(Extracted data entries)

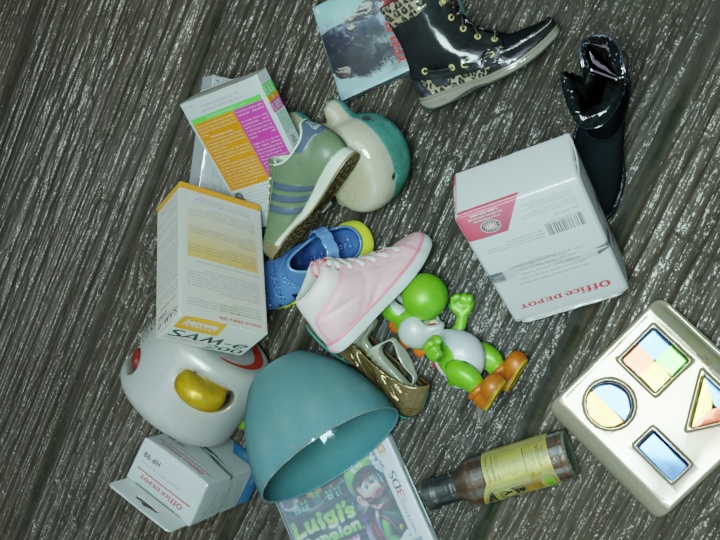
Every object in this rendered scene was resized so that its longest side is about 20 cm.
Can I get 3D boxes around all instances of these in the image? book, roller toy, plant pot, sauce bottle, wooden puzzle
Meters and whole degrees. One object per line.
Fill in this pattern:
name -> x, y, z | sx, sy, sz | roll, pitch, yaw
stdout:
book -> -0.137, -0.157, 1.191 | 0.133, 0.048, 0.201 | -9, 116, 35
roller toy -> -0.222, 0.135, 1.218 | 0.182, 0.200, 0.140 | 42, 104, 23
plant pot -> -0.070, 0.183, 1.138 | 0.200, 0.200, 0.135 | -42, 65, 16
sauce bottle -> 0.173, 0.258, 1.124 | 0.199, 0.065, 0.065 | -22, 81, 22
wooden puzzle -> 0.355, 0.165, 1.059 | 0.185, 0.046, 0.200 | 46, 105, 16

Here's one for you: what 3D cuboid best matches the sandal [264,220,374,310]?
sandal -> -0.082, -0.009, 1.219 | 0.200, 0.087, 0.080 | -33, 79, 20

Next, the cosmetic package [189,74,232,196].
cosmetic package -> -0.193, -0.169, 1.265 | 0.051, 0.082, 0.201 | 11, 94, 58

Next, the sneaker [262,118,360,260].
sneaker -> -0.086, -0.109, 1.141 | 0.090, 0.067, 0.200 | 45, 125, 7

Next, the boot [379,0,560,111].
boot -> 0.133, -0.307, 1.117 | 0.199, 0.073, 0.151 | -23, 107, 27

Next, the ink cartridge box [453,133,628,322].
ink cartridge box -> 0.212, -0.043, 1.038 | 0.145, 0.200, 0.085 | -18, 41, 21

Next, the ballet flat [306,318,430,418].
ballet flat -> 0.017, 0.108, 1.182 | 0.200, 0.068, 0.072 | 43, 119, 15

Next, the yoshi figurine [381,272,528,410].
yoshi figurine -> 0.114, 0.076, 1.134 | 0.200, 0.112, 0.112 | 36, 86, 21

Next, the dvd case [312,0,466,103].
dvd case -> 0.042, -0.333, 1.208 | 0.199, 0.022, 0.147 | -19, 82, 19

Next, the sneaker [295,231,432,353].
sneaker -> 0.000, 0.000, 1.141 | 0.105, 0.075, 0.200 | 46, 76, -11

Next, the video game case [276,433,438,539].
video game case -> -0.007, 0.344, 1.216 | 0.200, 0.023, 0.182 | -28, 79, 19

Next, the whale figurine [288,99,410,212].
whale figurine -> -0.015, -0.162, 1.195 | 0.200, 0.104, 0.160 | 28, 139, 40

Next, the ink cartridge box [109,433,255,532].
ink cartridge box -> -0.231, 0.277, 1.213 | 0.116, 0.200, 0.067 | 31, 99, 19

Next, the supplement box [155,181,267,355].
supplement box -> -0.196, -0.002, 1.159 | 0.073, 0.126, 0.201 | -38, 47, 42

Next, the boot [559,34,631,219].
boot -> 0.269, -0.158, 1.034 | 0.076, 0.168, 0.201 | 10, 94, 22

---

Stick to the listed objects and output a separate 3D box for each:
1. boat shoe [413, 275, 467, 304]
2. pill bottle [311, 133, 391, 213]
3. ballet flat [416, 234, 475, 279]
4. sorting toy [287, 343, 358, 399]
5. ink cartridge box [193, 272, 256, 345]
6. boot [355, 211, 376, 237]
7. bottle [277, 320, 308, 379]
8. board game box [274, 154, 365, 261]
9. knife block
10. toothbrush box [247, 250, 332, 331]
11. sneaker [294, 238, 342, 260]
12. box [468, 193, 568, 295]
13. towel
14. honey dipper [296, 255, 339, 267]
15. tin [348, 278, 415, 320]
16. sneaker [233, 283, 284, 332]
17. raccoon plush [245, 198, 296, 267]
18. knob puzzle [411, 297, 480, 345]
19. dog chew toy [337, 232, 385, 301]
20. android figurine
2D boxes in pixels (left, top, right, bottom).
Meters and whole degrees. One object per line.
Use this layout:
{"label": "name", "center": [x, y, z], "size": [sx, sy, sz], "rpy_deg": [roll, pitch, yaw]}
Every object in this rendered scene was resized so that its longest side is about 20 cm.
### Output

==

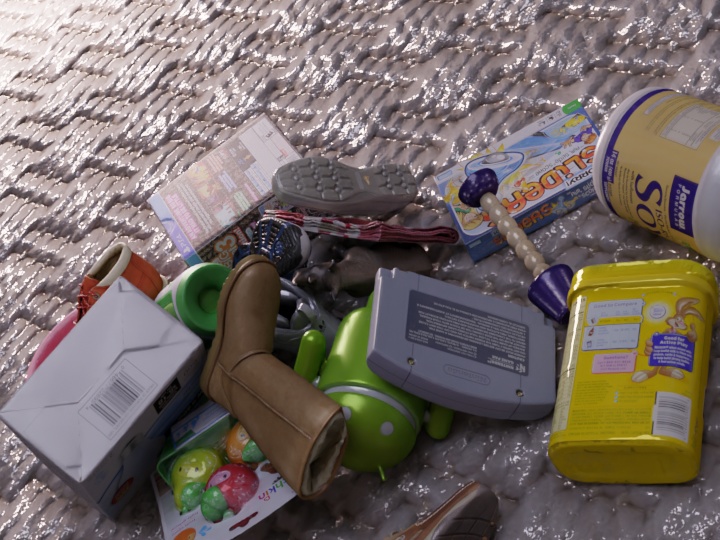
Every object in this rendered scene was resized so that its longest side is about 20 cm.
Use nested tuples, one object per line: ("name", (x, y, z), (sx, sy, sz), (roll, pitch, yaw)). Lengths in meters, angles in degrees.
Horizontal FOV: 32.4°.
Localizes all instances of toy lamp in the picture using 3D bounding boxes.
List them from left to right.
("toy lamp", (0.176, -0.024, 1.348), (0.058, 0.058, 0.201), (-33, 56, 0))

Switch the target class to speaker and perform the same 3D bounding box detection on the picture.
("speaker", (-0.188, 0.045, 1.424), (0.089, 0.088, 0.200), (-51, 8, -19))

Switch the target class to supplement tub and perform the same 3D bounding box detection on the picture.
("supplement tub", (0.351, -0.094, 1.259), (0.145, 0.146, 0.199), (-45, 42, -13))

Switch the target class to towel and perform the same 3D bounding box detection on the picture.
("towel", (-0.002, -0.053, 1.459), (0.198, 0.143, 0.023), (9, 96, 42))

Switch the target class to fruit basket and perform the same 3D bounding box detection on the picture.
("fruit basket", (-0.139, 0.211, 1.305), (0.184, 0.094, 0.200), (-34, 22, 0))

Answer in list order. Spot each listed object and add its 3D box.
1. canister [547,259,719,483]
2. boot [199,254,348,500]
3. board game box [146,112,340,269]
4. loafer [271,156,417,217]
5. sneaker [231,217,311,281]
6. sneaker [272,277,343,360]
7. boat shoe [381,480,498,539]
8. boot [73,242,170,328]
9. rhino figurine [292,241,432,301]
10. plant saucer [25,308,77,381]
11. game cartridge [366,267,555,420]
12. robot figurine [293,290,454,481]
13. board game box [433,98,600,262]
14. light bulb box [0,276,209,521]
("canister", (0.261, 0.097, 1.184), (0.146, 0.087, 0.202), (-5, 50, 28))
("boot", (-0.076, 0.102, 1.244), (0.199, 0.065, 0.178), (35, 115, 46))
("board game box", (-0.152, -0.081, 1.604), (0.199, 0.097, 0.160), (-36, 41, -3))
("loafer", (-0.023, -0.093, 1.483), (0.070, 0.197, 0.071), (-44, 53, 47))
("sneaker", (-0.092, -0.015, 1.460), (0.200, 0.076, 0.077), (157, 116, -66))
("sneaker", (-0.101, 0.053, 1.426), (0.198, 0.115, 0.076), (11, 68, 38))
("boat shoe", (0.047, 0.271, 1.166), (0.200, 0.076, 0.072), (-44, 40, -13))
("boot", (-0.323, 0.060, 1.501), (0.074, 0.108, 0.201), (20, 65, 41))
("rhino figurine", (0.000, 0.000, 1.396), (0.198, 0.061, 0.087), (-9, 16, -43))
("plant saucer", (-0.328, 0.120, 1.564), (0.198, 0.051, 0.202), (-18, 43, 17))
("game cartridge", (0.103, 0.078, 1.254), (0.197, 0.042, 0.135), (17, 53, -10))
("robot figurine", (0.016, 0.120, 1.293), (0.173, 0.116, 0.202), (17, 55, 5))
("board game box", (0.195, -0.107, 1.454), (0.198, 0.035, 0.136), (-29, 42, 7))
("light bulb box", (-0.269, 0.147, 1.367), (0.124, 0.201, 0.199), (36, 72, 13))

» Assigned task: An exact copy of the lines above, from the one containing "Answer in list" through the one containing "13. board game box [433,98,600,262]", is the whole of the answer.

» Output:
Answer in list order. Spot each listed object and add its 3D box.
1. canister [547,259,719,483]
2. boot [199,254,348,500]
3. board game box [146,112,340,269]
4. loafer [271,156,417,217]
5. sneaker [231,217,311,281]
6. sneaker [272,277,343,360]
7. boat shoe [381,480,498,539]
8. boot [73,242,170,328]
9. rhino figurine [292,241,432,301]
10. plant saucer [25,308,77,381]
11. game cartridge [366,267,555,420]
12. robot figurine [293,290,454,481]
13. board game box [433,98,600,262]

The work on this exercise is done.